Национальная катастрофа — это не конец света, день которого никому не дано предугадать. Это то, что происходит здесь и сейчас, причем, как уже говорилось, порой комично. Вот через Сколково власть вроде как намеревается заполучить новейшие технологии, но при этом Путин хочет вытеснить из России GPS, запретив ввоз в страну коммуникационных устройств без чипа ГЛОНАСС. Подаренная Дмитрию Медведеву в Америке штуковина тоже должна попасть под этот запрет. Не менее смешно, чем бюджетная поддержка Петрика. Эта страсть к доморощенному и самопальному — такой же симптом национальной катастрофы, как и стремление управлять миром. И в том и в другом есть нечто суицидальное: что отравиться самогонкой, отказавшись от заморского вискаря, что умереть в боях или уморить себя голодом, не пожелав мира и равноправного партнерства даже с соседями, — все одно.
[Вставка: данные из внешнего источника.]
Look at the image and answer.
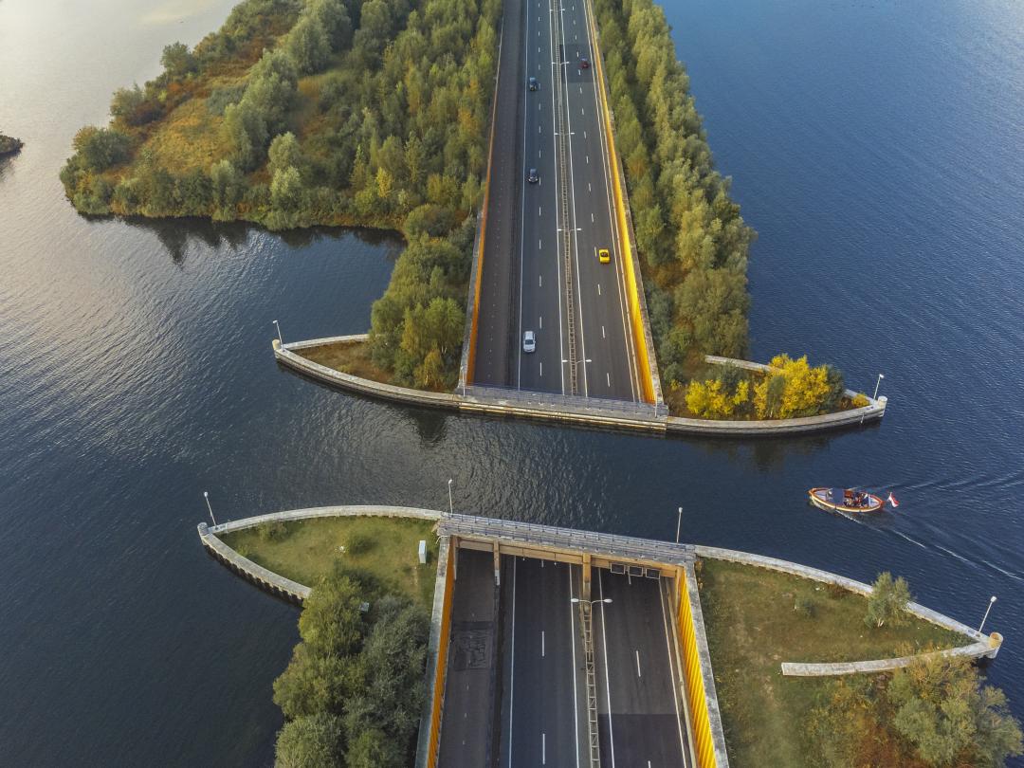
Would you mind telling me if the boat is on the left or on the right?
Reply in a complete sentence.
It is on the right.
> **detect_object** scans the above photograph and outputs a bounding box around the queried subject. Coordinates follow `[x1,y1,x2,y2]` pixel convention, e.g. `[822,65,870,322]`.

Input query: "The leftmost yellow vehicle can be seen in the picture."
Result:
[598,248,610,262]
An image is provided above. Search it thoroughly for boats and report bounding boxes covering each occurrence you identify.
[809,485,900,508]
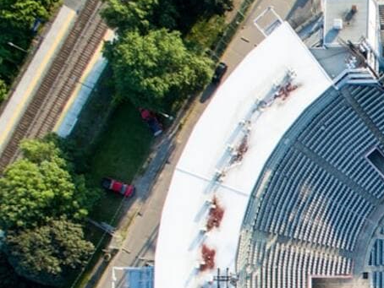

А когда станет ясно, что нынешняя власть никак не может сделать русских управляющей нацией, наступит кульминация катастрофы: либо нынешние правители распространят грузинский сценарий на другие страны, либо этот сценарий будет осуществляться силами более радикальными, той частью элиты, которая считает себя обделенной в результате путинской конвертации власти. Так на то и катастрофа, что у нее нет приемлемых вариантов.

Впрочем, есть третий вариант — осознание прямо сейчас катастрофы как уже случившейся. Причем осознание теми, кто в последние годы ничего не потерял, а скорее приобрел. Теми, кто понимает, что адаптация к нынешнему режиму имеет свои пределы. То есть теми, кто может составить ядро будущей русской нации, новую национальную элиту, которая, в отличие от нынешней, заслужит право на лидерство, не потакая худшему в русской нации, не будучи проводником ее низменных устремлений, а противопоставляя им иную картину мира и качественно иные национальные притязания.